Well, hopefully... :-)

> 
> `drm_sched_resubmit_jobs()` was deprecated in 2022, but Xe introduced a
> new use in 2023

Yeah, that's a bit odd, since Xe relies on a firmware scheduler and uses a 1:1
scheduler - entity setup. I'm a bit surprised Xe does use this function.

> for example. The commit that deprecated it just
> mentions AMD's case, but do we know if the function works as expected
> for the other users?

I read the comment [1] you're referring to differently. It says that
"Re-submitting jobs was a concept AMD came up as cheap way to implement recovery
after a job timeout".

It further explains that "there are many problem with the dma_fence
implementation and requirements. Either the implementation is risking deadlocks
with core memory management or violating documented implementation details of
the dma_fence object", which doesn't give any hint to me that the conceptual
issues are limited to amdgpu.

> For V3D, it does.
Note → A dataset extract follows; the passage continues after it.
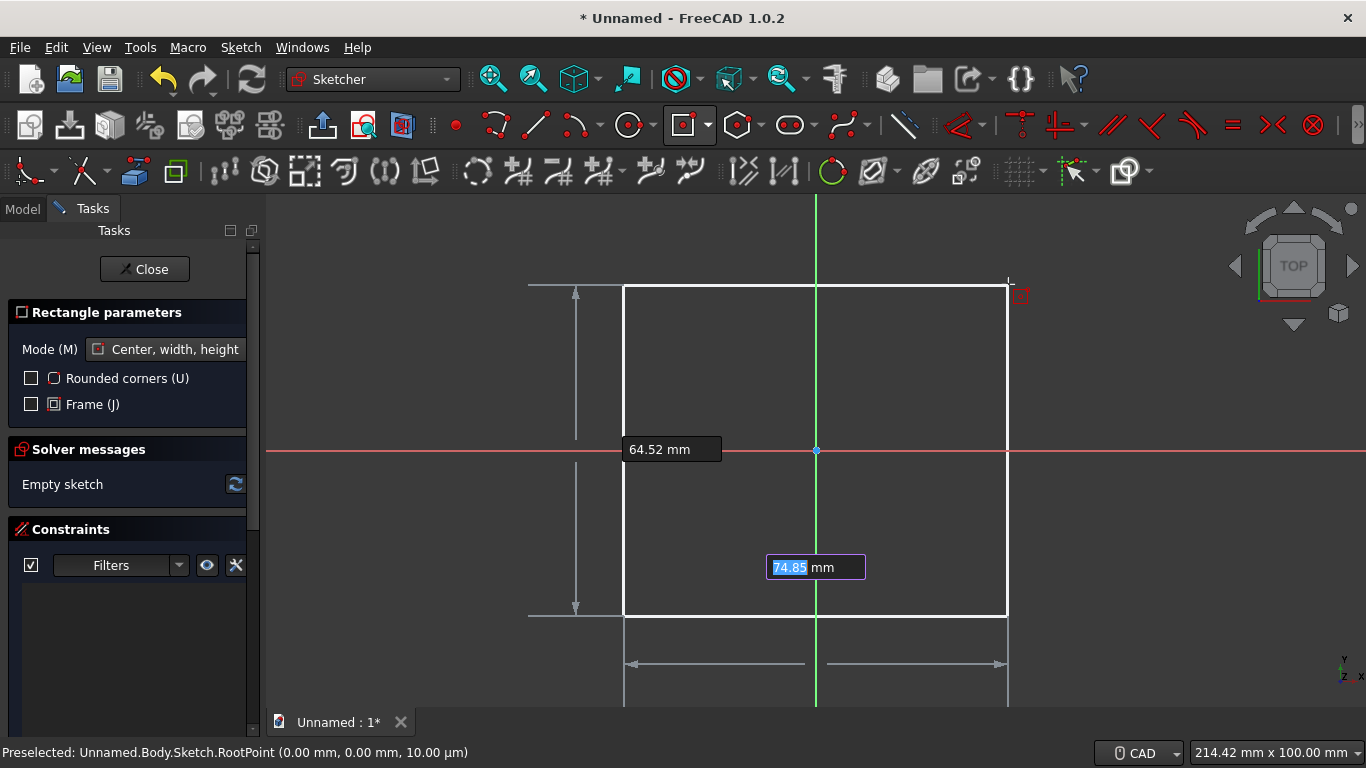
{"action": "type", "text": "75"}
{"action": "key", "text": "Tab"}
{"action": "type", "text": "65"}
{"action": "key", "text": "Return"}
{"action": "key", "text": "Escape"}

Also, we need to make it clear which
> are the dma fence requirements that the functions violates.

This I fully agree with, unfortunately the comment does not explain what's the
issue at all.

While I do think I have a vague idea of what's the potential issue with this
approach, I think it would be way better to get Christian, as the expert for DMA
fence rules to comment on this.

@Christian: Can you please shed some light on this?

> 
> If we shouldn't use `drm_sched_resubmit_jobs()`, would it be possible to
> provide a common interface for job resubmission?

I wonder why this question did not come up when drm_sched_resubmit_jobs() was
deprecated two years ago, did it?

Anyway, let's shed some light on the difficulties with drm_sched_resubmit_jobs()
and then we can figure out how we can do better.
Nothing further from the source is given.